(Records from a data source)
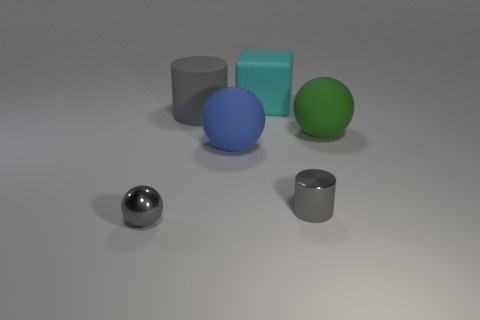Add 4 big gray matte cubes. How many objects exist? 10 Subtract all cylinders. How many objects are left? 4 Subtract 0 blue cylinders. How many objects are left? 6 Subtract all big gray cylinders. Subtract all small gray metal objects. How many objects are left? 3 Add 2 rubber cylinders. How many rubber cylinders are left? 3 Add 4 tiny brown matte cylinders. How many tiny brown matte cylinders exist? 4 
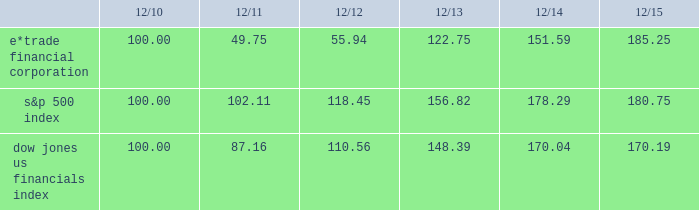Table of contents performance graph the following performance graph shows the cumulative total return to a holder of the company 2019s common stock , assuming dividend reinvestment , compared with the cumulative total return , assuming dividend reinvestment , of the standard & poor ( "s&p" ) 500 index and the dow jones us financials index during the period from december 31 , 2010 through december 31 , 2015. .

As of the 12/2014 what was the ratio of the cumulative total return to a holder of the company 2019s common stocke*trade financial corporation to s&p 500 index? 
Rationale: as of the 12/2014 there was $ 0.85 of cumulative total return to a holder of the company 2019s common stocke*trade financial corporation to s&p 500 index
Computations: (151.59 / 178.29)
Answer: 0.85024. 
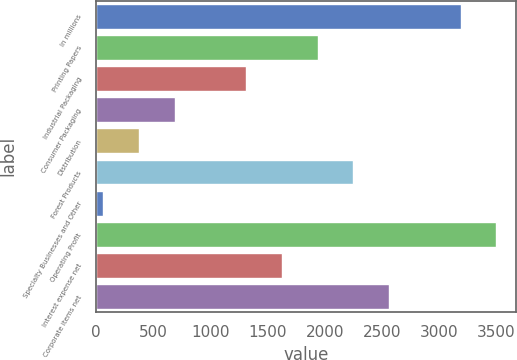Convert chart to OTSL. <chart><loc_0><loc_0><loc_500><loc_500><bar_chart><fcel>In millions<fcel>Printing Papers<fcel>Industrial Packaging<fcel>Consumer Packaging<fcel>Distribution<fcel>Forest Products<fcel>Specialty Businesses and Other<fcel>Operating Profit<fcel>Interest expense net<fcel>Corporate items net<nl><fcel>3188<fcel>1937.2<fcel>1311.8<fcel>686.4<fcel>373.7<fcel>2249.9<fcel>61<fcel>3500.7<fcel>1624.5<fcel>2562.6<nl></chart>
--
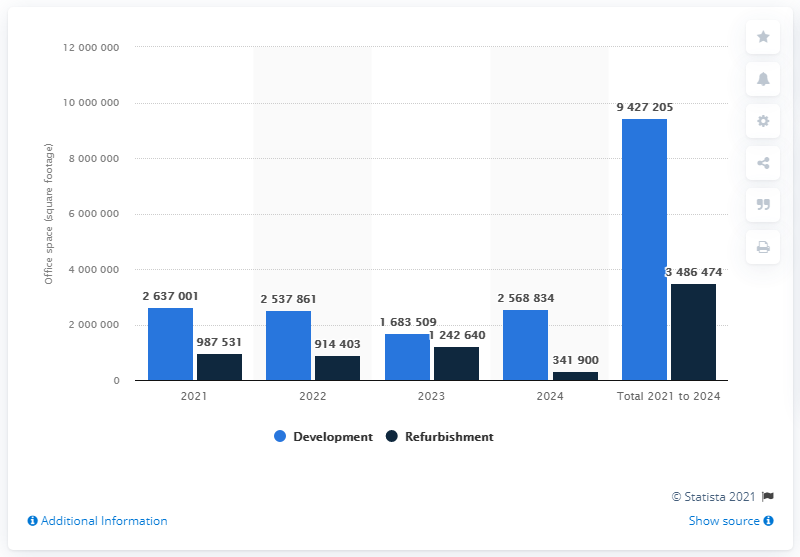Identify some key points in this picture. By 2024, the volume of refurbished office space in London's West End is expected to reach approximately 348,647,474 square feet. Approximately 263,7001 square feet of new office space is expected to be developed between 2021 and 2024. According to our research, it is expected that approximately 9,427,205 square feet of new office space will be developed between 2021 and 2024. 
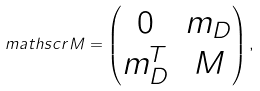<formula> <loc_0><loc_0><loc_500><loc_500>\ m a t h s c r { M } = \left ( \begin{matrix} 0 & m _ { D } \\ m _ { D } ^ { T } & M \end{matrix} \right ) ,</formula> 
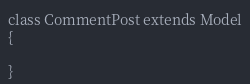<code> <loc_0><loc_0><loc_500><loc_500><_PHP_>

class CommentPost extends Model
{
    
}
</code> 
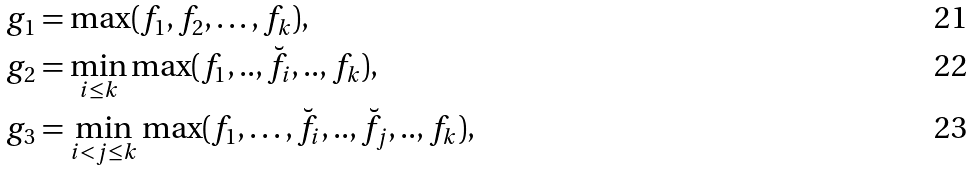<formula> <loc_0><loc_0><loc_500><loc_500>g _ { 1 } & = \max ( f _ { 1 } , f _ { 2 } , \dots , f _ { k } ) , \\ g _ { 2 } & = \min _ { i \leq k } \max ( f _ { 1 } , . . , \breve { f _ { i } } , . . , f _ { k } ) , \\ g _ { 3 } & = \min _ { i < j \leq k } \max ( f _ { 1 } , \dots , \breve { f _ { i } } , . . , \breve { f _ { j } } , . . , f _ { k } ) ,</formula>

§ Your objective
Look over the data above and show each line that contains "stocke".

§ Result of the task
As of the 12/2014 what was the ratio of the cumulative total return to a holder of the company 2019s common stocke*trade financial corporation to s&p 500 index? 
Rationale: as of the 12/2014 there was $ 0.85 of cumulative total return to a holder of the company 2019s common stocke*trade financial corporation to s&p 500 index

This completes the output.